August Mortgage Update and ponderings on 529 plans

Last month (July):

Balance: $102,221.27
Years left: 8.666666667
P = $798.18, I =$416.22, Escrow = 621.66

This month (August):

Balance: $100,747.56
Years left: 8.5
P = $803.97, I =$410.44, Escrow = 621.66

One month’s savings from prepayment:  $2.62

Hopefully by this time there’s a new addition to the family!  If not, I hope ze comes out soon.

In any case… For DC 1 we’ve been putting away $500/month every month since ze was born.  Ze has a pretty sizable kitty now, and is on track to be able to pay for the private school of hir choice should we keep this up (depending on the calculator we use and the assumptions we make).  We’re hoping to be making enough money that we don’t qualify for financial aid.

The question is:  What should we do for DC 2?  We could do the same thing, ignoring inflation, and start putting away another $500/month.  Then DC2 will also be on track, give or take, to pay for the private school of hir choice come college time.

The problem:  What if DC1 decides to go some place that doesn’t cost hundreds of thousands of dollars?  What if ze gets huge amounts of merit aid*?  What if I move to a university that pays tuition costs?  Basically, what if ze doesn’t liquidate hir 529 for school?  Then we’ll want to be able to transfer it directly to DC2 (since we don’t really believe in paying for graduate school as much as we believe in paying for college), but if DC2’s 529 plan is also pretty full we might end up with more money in 529s than we actually need.  We would then have to transfer it to some other relative, pay for our own kids’ graduate school, or take the money out at a penalty (in which case, why use the 529 in the first place?).  None of those options are appealing.

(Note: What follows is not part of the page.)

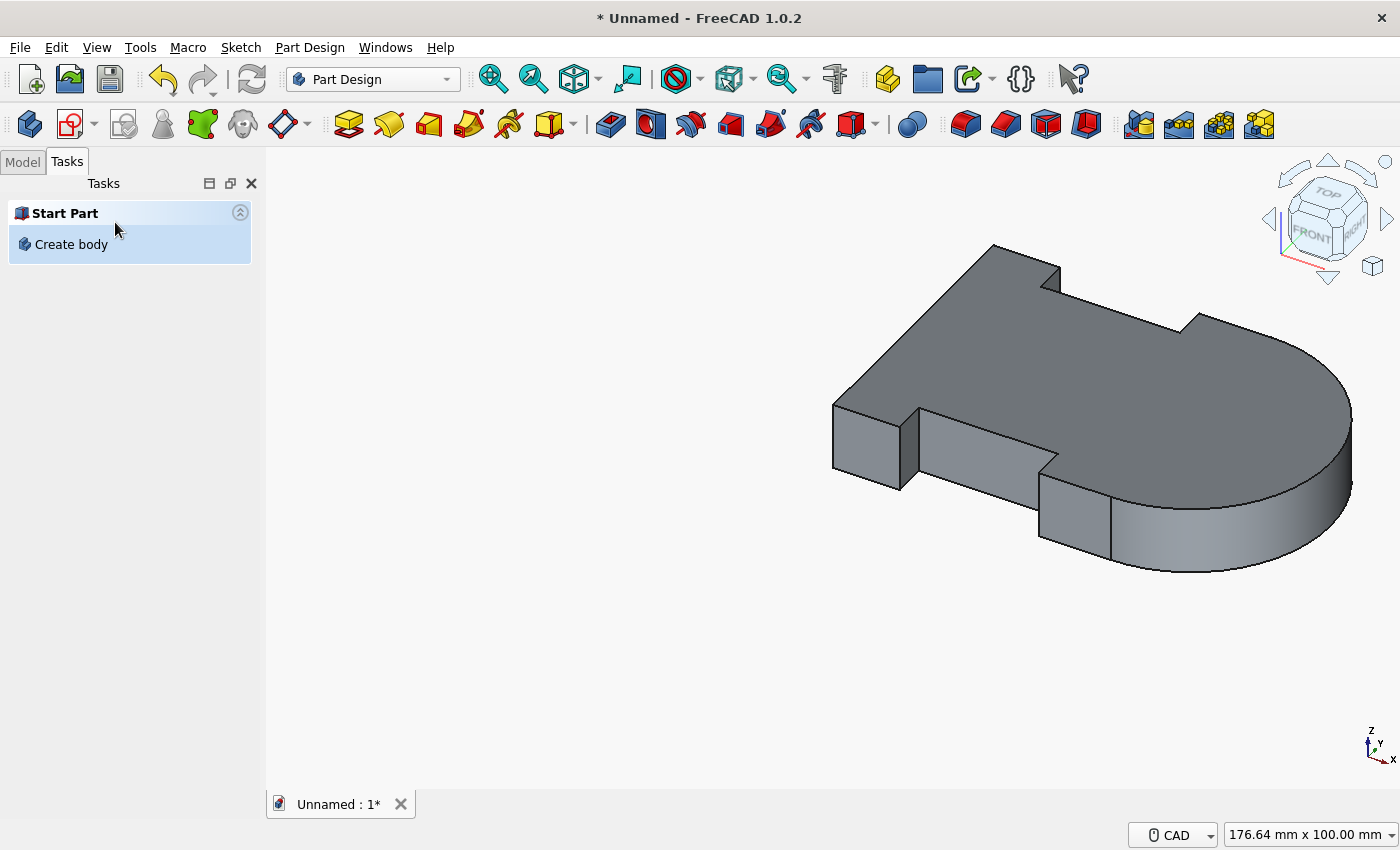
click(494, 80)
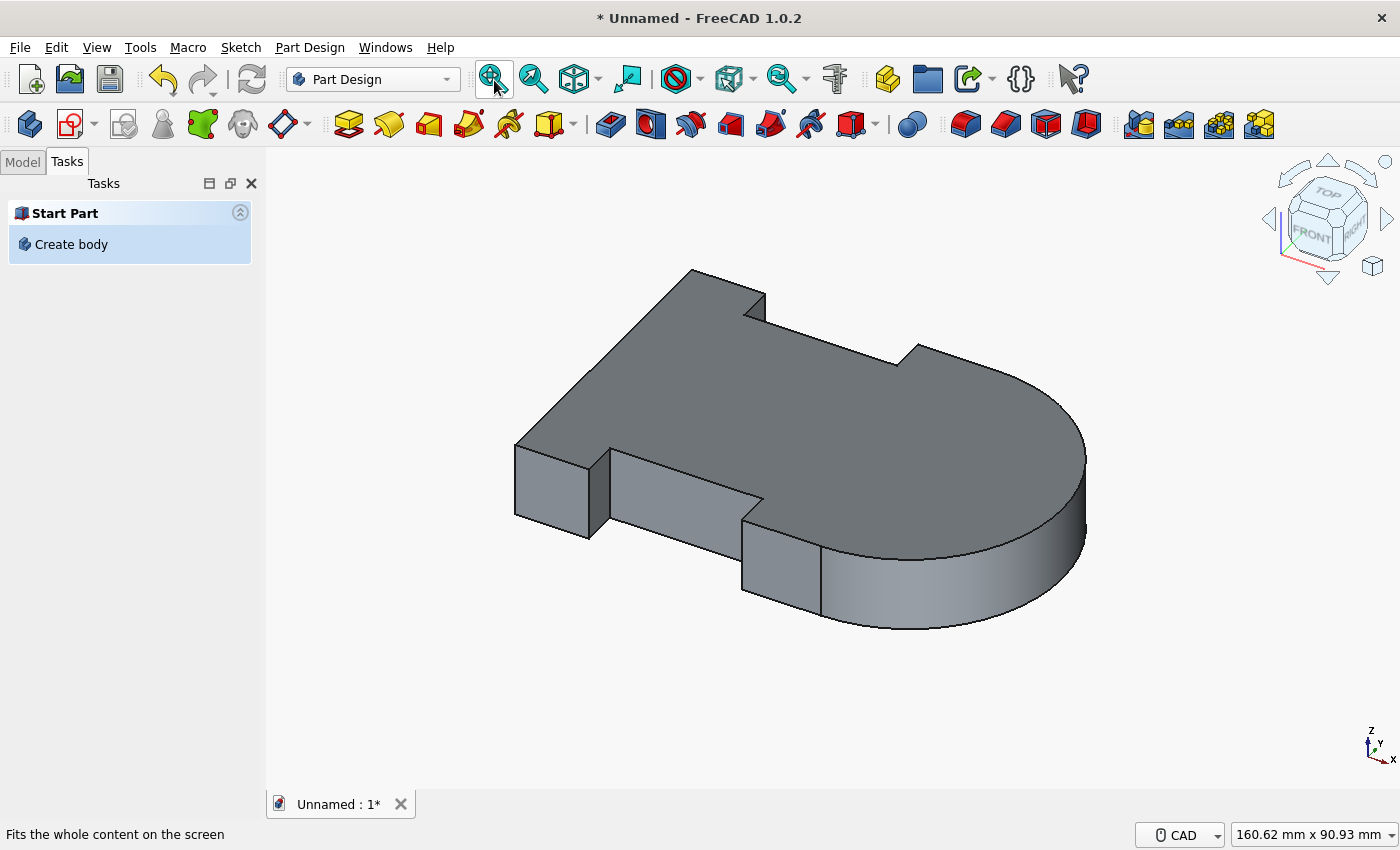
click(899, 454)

However, there are several years between DC1 and DC2, so in theory if we saw DC1 costing less than predicted, we probably could just stop putting money away to DC2’s plan at that point.  Right now putting $500/month away probably isn’t going to put us in any danger of oversaving in 529 plans.  We, of course, may have to readjust once our work situation changes.

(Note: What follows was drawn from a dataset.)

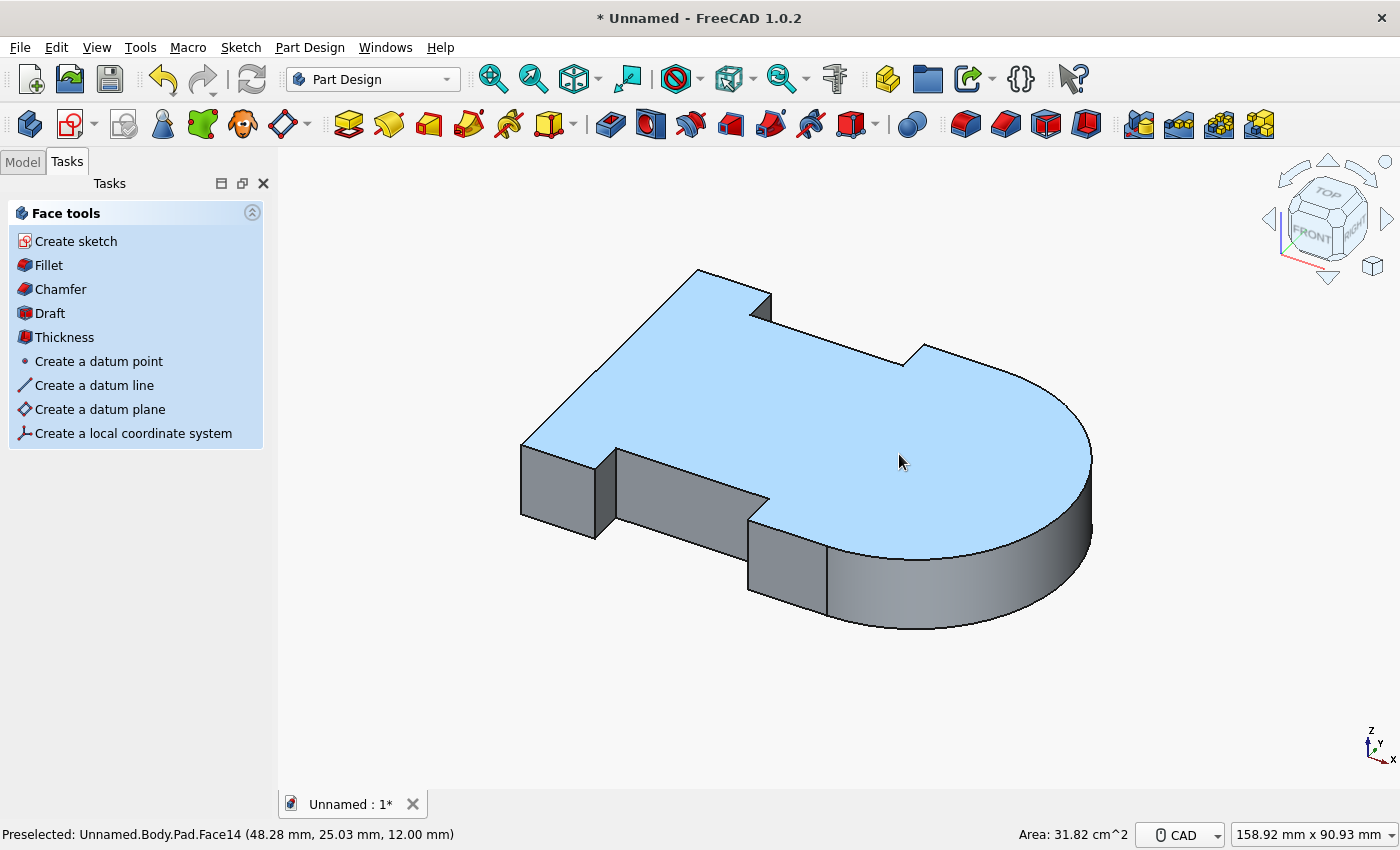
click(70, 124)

So I guess that’s what we’re gonna do.  Put $500/month for each kid until we have some reason not to.  After all, it’s the early savings that are going to benefit the most from the tax advantage since they’ll have more time to generate earnings.

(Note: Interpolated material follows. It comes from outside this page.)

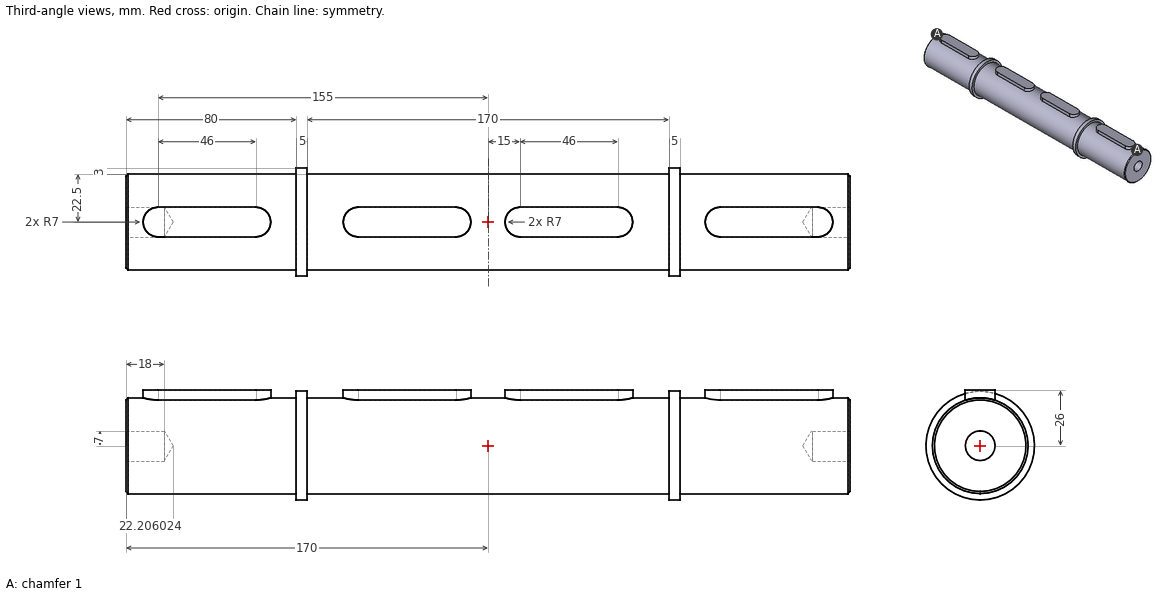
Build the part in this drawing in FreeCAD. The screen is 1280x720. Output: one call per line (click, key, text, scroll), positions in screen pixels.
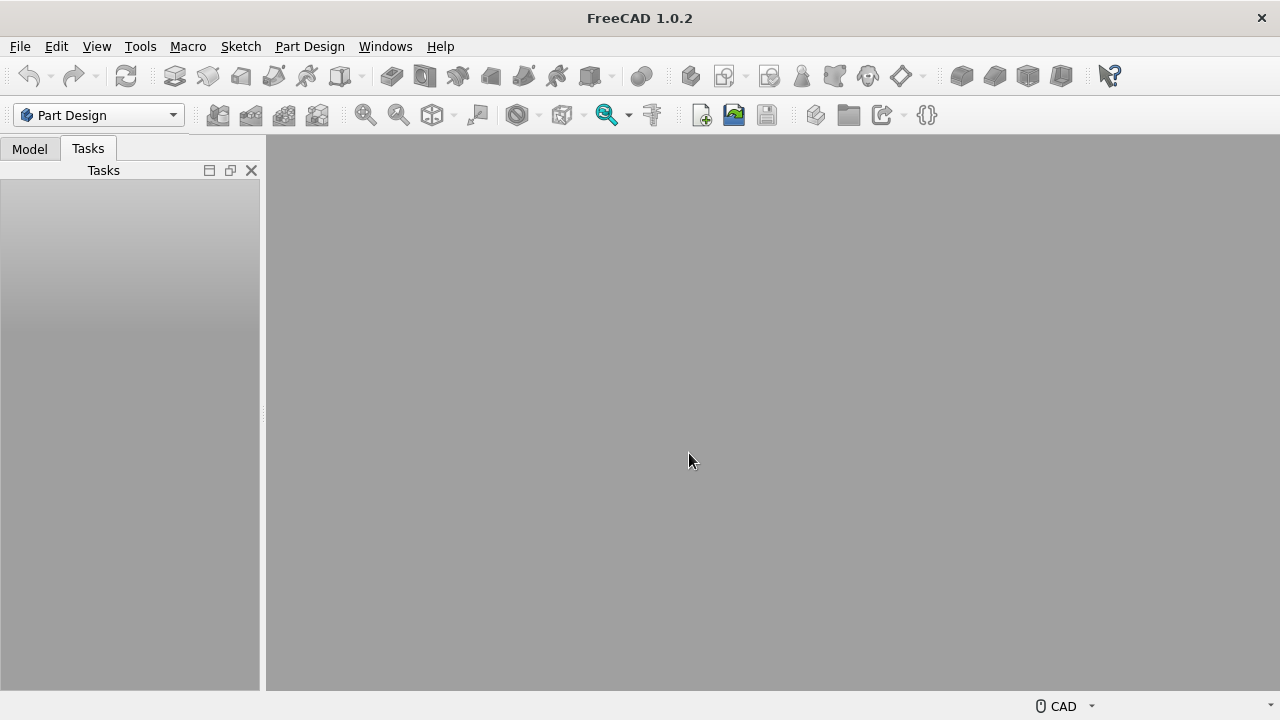
click(701, 116)

*Currently it looks like there’s a way to take money out without penalty up to the amount of a merit scholarship, but there’s no guarantee that will still be the case in the future.

28 Responses to “August Mortgage Update and ponderings on 529 plans”

  1. NoTrustFund Says:

    I’ve also been saving the same amount for each kid, although our youngest is not even a year yet. My rational is very similar to yours- if in a few years we feel like we have enough in 529 plans we can adjust savings downward. Save when you can! I also prioritize putting money in the fund of our oldest. So far we’ve been able to find both but that may not be the case every year.

  2. Kellen Says:

    I’d guess it’s more likely that if DC1 knows ze can go to any college ze wants, ze won’t pick a cheap one, and won’t pick the one mom teaches at. It happens, of course, but I think it’s less likely. Also, I would guess the kids will get financial aid for graduate programs, since those tend to be more merit-based, but if they want to do law school or an MBA, the extra money would be super useful. (Assuming you can use 529 plans for those?)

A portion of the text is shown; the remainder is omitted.